Environmental agents are postulated to play a critical role in the etiology of many human diseases (
1–4), and chemicals are an important component of the environment. To understand the impact of environmental chemicals on human health, we have developed the Comparative Toxicogenomics Database (CTD;
http://ctd.mdibl.org) as a unique tool to provide connections between chemicals, genes/proteins and diseases that may not otherwise be apparent, and to provide the basis for testable hypotheses about the mechanisms underlying the etiology of environmental diseases (
5–7).
Several valuable chemical, gene and disease databases currently exist. Each one has its advantages. Many public chemical databases, such as PharmGKB (
8), DrugBank (
9), ChemBank (
10) and STITCH (
11) focus on drugs and other small molecules, providing an invaluable resource for therapeutic research. There are several microarray resources that provide varying degrees of data for chemicals, genes and diseases. Chemical Effects in Biological Systems (CEBS) (
12) is a public repository and tool for chemically relevant microarray, proteomics, clinical chemistry, hematology and histopathology data. ArrayExpress (
13) and Gene Expression Omnibus (GEO) (
14) are public repositories for microarray data. Although the latter contain chemically relevant data, these data are not their expressed priority. ArrayTrack (
15) is an installable application and database for managing and analyzing microarray data. Currently, only users at the US Food and Drug Administration (FDA) may submit their data; however, non-FDA users have access to ArrayTrack functionality. ChEBI (
16) is an excellent dictionary for chemical entities, but outsources its information on the biology of those chemicals to other databases via external links. PubChem (
14) is a repository of chemical substance information, compound structures and biological activities of small molecules, but does not integrate that data with official gene symbols or disease information.
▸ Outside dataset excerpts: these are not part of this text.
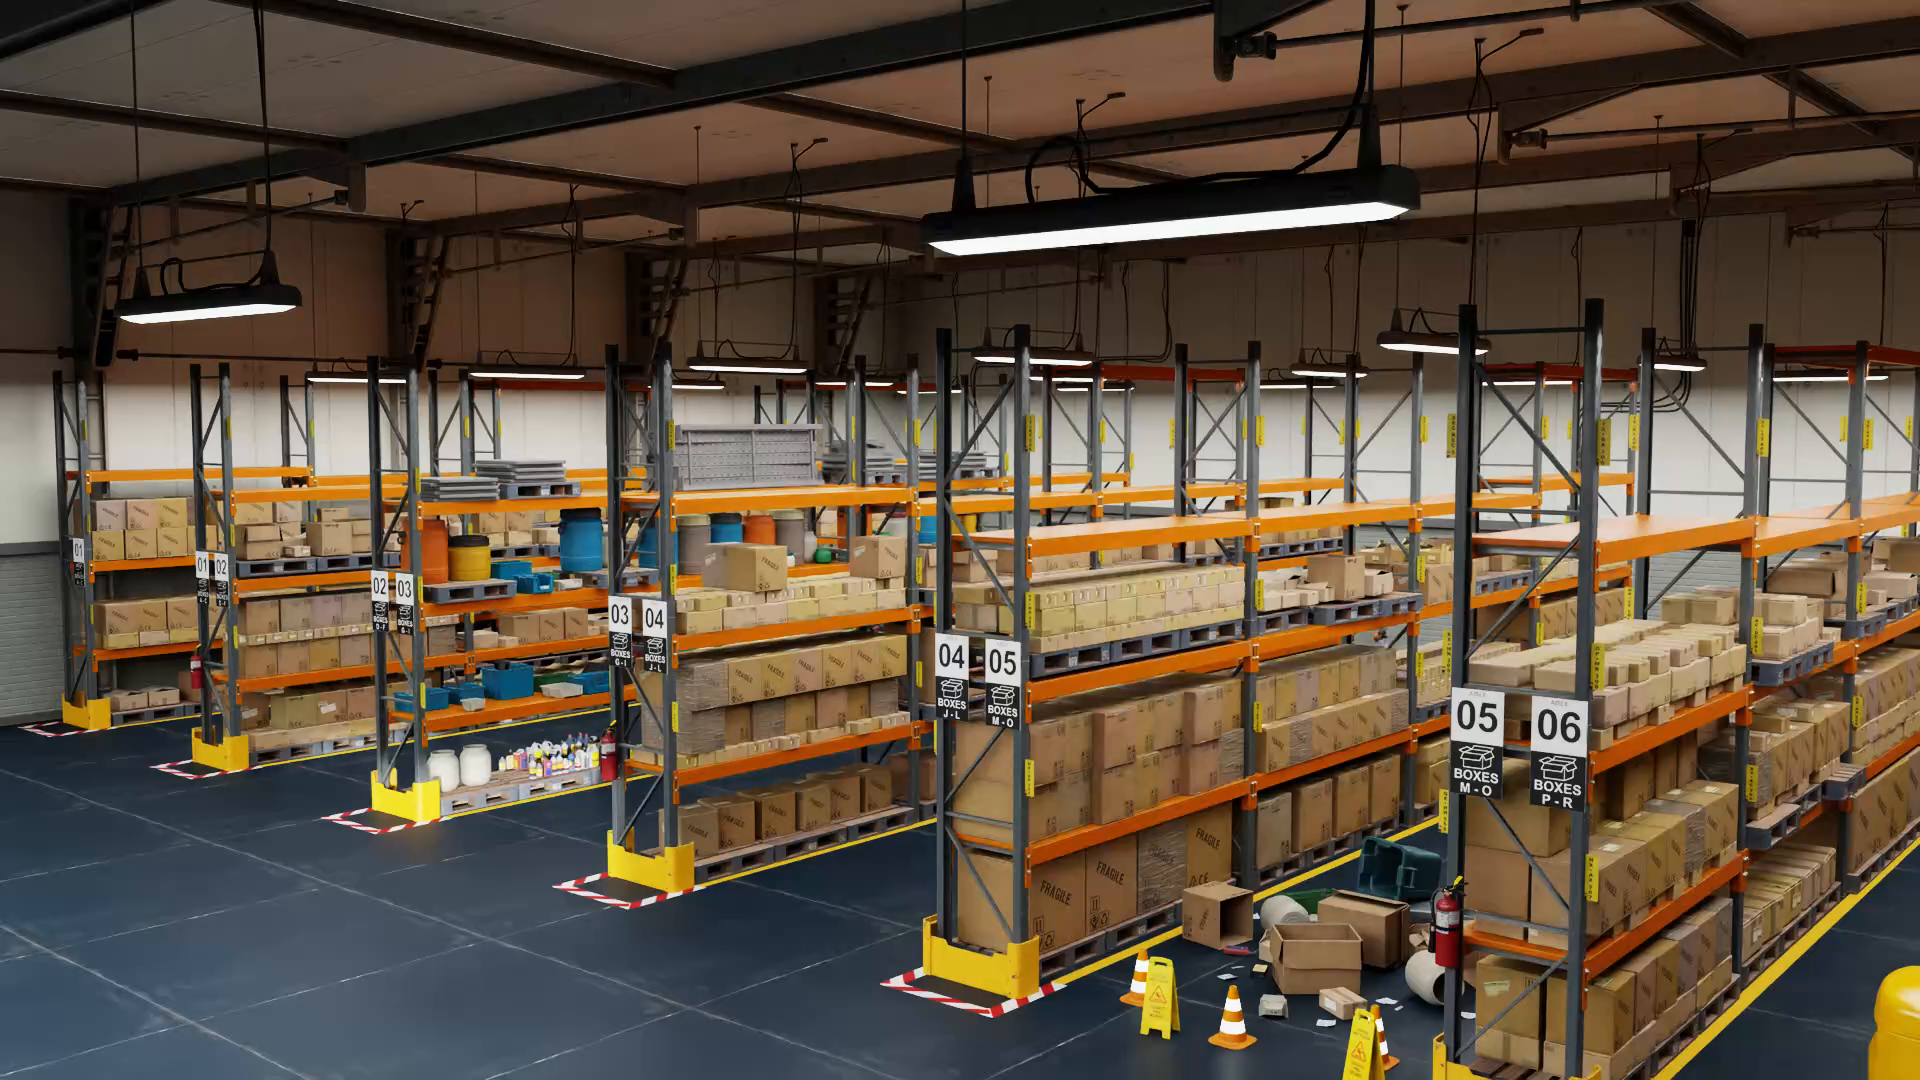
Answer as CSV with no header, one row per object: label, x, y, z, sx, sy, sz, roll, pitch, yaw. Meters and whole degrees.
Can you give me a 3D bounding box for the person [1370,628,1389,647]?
person,7.220,2.290,28.687,0.867,1.591,0.544,-4,6,-43
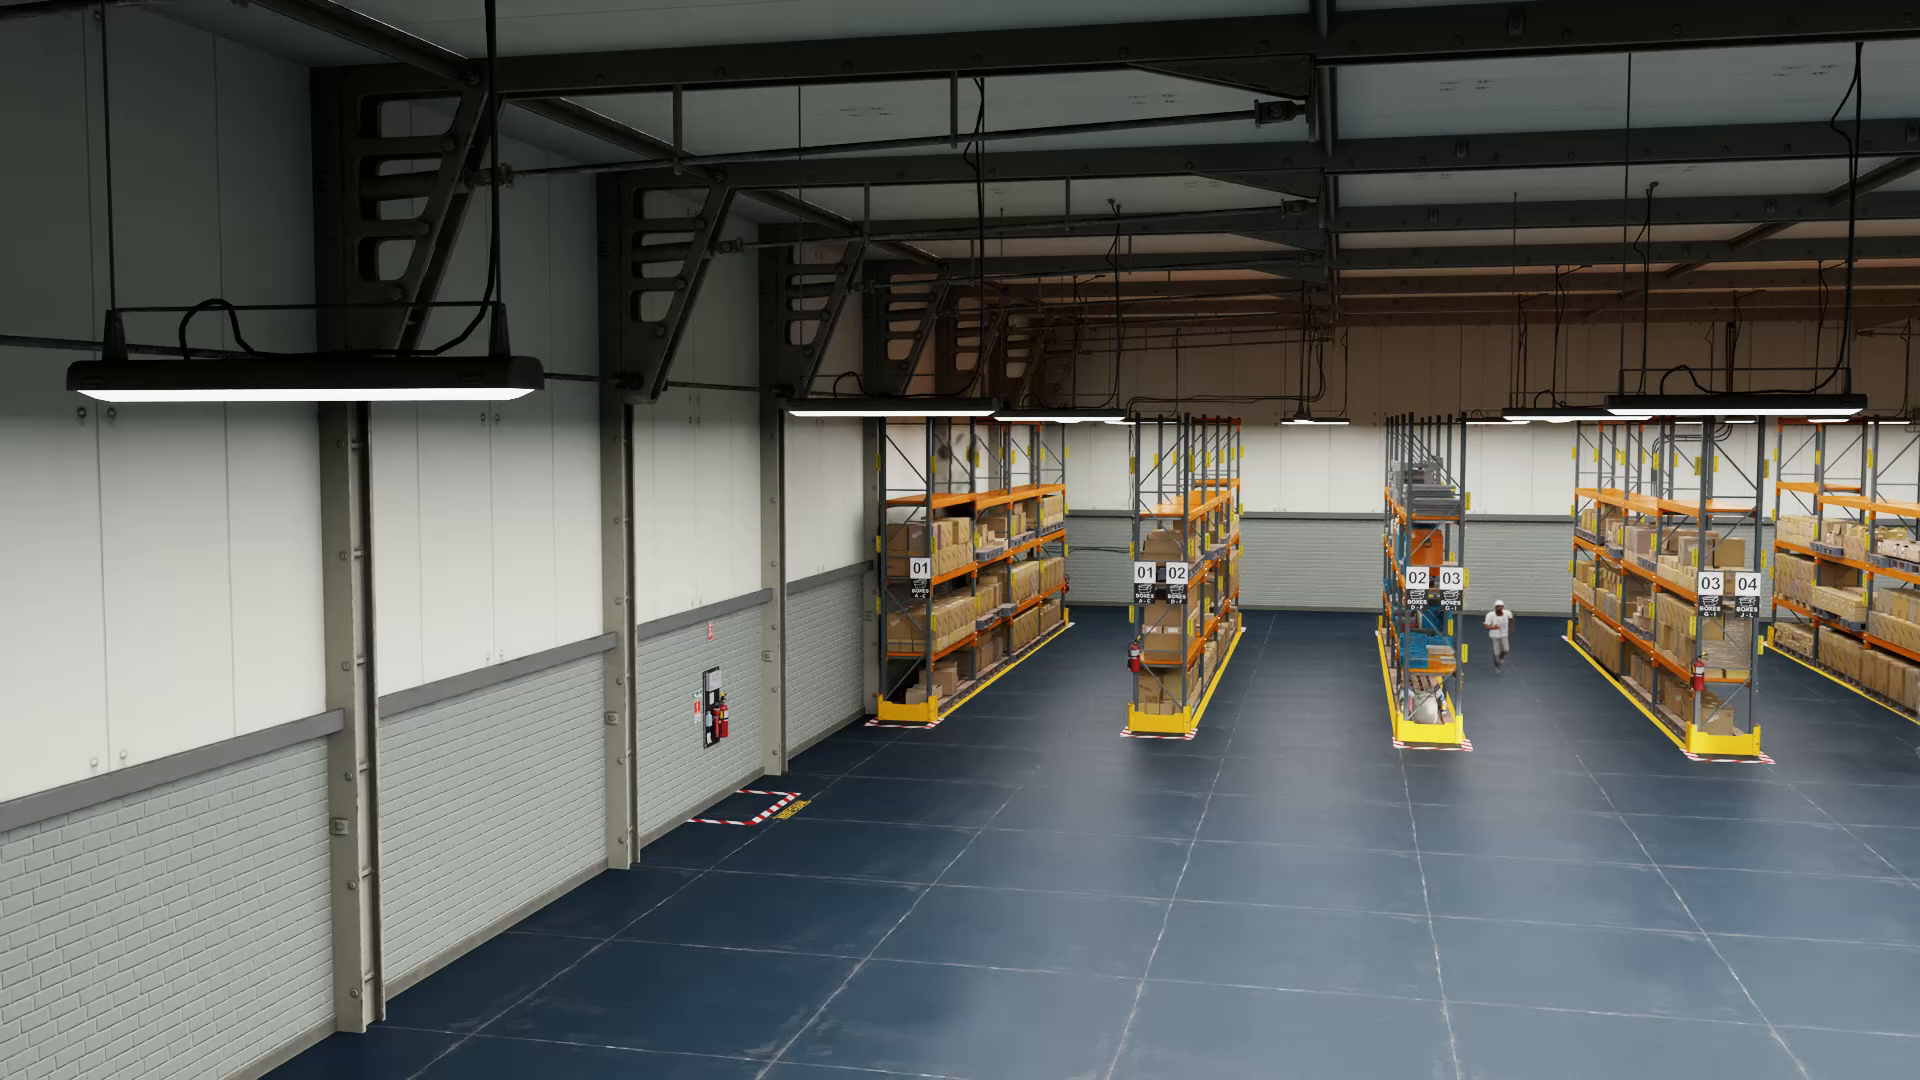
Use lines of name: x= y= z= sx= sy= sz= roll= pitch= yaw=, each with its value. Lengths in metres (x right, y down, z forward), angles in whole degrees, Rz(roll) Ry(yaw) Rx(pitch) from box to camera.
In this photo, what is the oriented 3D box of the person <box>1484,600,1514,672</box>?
person: x=12.523 y=2.244 z=38.543 sx=0.745 sy=1.705 sz=0.733 roll=0 pitch=4 yaw=3

OMIM (
17) and HGMD (
18), two of the most commonly cited disease databases, annotate genetic diseases, but do not provide any associated chemical information. Some gene databases, such as GeneCards (
19) and PubGene (
20), have recently included gene–chemical associations, but those relationships are established via text-mining algorithms and are not reviewed or validated by professional biocurators. KEGG (
21) and Reactome (
22) map chemicals, genes and (in the case of KEGG) disease information to pathways, but the pathways and interactions are generically applied to orthologous proteins and all species, and it is not always clear which reference supports which pathway relationship. CTD is distinct from these databases in three ways: (i) it focuses on environmental chemicals; (ii) it integrates curated and imported data, allowing users to explore connections between chemicals, genes, and diseases; and (iii) it functions not only as a repository for information, but also as a resource for generating novel hypotheses about environmental diseases and chemical actions.